### [Input data]
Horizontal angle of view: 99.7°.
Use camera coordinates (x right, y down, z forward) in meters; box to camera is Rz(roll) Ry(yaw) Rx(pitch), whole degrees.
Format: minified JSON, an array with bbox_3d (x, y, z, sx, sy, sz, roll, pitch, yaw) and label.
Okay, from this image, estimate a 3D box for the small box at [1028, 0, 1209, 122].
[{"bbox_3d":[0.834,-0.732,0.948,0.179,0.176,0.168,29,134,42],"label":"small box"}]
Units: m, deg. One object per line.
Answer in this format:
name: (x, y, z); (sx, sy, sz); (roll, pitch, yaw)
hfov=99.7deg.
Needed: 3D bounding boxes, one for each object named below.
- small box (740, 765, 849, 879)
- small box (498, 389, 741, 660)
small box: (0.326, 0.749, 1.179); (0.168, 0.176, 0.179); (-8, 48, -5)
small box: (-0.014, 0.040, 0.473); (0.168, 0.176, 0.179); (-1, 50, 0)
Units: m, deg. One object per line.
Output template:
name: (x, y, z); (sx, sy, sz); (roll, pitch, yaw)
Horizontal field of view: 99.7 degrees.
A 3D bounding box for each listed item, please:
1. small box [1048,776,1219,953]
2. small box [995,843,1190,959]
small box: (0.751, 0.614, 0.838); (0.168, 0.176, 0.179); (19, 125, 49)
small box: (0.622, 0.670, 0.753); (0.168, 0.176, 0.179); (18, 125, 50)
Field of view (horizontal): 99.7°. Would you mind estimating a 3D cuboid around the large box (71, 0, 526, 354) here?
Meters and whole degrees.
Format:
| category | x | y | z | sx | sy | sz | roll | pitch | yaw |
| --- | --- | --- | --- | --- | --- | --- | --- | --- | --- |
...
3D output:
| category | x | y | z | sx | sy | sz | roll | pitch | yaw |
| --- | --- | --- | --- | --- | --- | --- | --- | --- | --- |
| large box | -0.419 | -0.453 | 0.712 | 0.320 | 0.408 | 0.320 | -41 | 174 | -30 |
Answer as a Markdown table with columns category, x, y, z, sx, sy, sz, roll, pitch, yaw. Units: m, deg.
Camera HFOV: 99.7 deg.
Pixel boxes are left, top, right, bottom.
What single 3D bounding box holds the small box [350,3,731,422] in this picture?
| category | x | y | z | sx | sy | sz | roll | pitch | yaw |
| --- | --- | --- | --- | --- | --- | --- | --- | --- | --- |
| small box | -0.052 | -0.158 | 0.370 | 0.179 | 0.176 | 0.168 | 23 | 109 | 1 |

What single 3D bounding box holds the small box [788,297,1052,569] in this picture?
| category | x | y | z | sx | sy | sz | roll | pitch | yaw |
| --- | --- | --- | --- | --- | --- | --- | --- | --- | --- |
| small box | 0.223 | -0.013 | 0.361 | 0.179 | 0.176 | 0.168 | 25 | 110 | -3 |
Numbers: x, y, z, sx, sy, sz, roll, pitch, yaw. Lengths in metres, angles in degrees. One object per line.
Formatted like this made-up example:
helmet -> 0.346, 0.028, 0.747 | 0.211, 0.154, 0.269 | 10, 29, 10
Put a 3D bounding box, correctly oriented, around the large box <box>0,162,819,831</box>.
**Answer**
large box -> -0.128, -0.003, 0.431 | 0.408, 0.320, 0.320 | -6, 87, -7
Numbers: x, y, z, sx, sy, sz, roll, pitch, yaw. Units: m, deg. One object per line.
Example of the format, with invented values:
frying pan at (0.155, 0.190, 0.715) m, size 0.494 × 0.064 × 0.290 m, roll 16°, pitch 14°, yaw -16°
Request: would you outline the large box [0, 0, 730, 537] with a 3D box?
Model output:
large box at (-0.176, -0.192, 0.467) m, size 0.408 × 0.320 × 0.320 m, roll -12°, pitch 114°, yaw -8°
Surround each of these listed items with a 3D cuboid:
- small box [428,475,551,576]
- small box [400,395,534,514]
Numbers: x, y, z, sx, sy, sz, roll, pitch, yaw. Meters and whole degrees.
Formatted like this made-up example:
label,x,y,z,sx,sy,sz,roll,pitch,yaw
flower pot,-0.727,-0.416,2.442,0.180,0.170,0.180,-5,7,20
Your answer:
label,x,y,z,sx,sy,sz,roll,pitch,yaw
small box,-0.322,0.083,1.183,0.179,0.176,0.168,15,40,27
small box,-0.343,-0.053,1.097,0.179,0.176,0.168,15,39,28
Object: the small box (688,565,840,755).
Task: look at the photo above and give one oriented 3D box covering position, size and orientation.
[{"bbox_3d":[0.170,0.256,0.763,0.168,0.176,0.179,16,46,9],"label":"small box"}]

### [Task description]
Write out, please, all of the material above exactly as written.

### [Answer to the problem]
Horizontal angle of view: 99.7°.
Use camera coordinates (x right, y down, z forward) in meters; box to camera is Rz(roll) Ry(yaw) Rx(pitch), whole degrees.
Format: minified JSON, an array with bbox_3d (x, y, z, sx, sy, sz, roll, pitch, yaw) and label.
Okay, from this image, estimate a 3D box for the small box at [1028, 0, 1209, 122].
[{"bbox_3d":[0.834,-0.732,0.948,0.179,0.176,0.168,29,134,42],"label":"small box"}]
Units: m, deg. One object per line.
Answer in this format:
name: (x, y, z); (sx, sy, sz); (roll, pitch, yaw)
hfov=99.7deg.
Needed: 3D bounding boxes, one for each object named below.
- small box (740, 765, 849, 879)
- small box (498, 389, 741, 660)
small box: (0.326, 0.749, 1.179); (0.168, 0.176, 0.179); (-8, 48, -5)
small box: (-0.014, 0.040, 0.473); (0.168, 0.176, 0.179); (-1, 50, 0)
Units: m, deg. One object per line.
Output template:
name: (x, y, z); (sx, sy, sz); (roll, pitch, yaw)
Horizontal field of view: 99.7 degrees.
A 3D bounding box for each listed item, please:
1. small box [1048,776,1219,953]
2. small box [995,843,1190,959]
small box: (0.751, 0.614, 0.838); (0.168, 0.176, 0.179); (19, 125, 49)
small box: (0.622, 0.670, 0.753); (0.168, 0.176, 0.179); (18, 125, 50)
Field of view (horizontal): 99.7°. Would you mind estimating a 3D cuboid around the large box (71, 0, 526, 354) here?
Meters and whole degrees.
Format:
| category | x | y | z | sx | sy | sz | roll | pitch | yaw |
| --- | --- | --- | --- | --- | --- | --- | --- | --- | --- |
...
3D output:
| category | x | y | z | sx | sy | sz | roll | pitch | yaw |
| --- | --- | --- | --- | --- | --- | --- | --- | --- | --- |
| large box | -0.419 | -0.453 | 0.712 | 0.320 | 0.408 | 0.320 | -41 | 174 | -30 |
Answer as a Markdown table with columns category, x, y, z, sx, sy, sz, roll, pitch, yaw. Units: m, deg.
Camera HFOV: 99.7 deg.
Pixel boxes are left, top, right, bottom.
What single 3D bounding box holds the small box [350,3,731,422] in this picture?
| category | x | y | z | sx | sy | sz | roll | pitch | yaw |
| --- | --- | --- | --- | --- | --- | --- | --- | --- | --- |
| small box | -0.052 | -0.158 | 0.370 | 0.179 | 0.176 | 0.168 | 23 | 109 | 1 |

What single 3D bounding box holds the small box [788,297,1052,569] in this picture?
| category | x | y | z | sx | sy | sz | roll | pitch | yaw |
| --- | --- | --- | --- | --- | --- | --- | --- | --- | --- |
| small box | 0.223 | -0.013 | 0.361 | 0.179 | 0.176 | 0.168 | 25 | 110 | -3 |
Numbers: x, y, z, sx, sy, sz, roll, pitch, yaw. Lengths in metres, angles in degrees. One object per line.
Formatted like this made-up example:
helmet -> 0.346, 0.028, 0.747 | 0.211, 0.154, 0.269 | 10, 29, 10
Put a 3D bounding box, correctly oriented, around the large box <box>0,162,819,831</box>.
**Answer**
large box -> -0.128, -0.003, 0.431 | 0.408, 0.320, 0.320 | -6, 87, -7
Numbers: x, y, z, sx, sy, sz, roll, pitch, yaw. Units: m, deg. One object per line.
Example of the format, with invented values:
frying pan at (0.155, 0.190, 0.715) m, size 0.494 × 0.064 × 0.290 m, roll 16°, pitch 14°, yaw -16°
Request: would you outline the large box [0, 0, 730, 537] with a 3D box?
Model output:
large box at (-0.176, -0.192, 0.467) m, size 0.408 × 0.320 × 0.320 m, roll -12°, pitch 114°, yaw -8°
Surround each of these listed items with a 3D cuboid:
- small box [428,475,551,576]
- small box [400,395,534,514]
Numbers: x, y, z, sx, sy, sz, roll, pitch, yaw. Meters and whole degrees.
Formatted like this made-up example:
label,x,y,z,sx,sy,sz,roll,pitch,yaw
flower pot,-0.727,-0.416,2.442,0.180,0.170,0.180,-5,7,20
Your answer:
label,x,y,z,sx,sy,sz,roll,pitch,yaw
small box,-0.322,0.083,1.183,0.179,0.176,0.168,15,40,27
small box,-0.343,-0.053,1.097,0.179,0.176,0.168,15,39,28
Object: the small box (688,565,840,755).
Task: look at the photo above and give one oriented 3D box covering position, size and orientation.
[{"bbox_3d":[0.170,0.256,0.763,0.168,0.176,0.179,16,46,9],"label":"small box"}]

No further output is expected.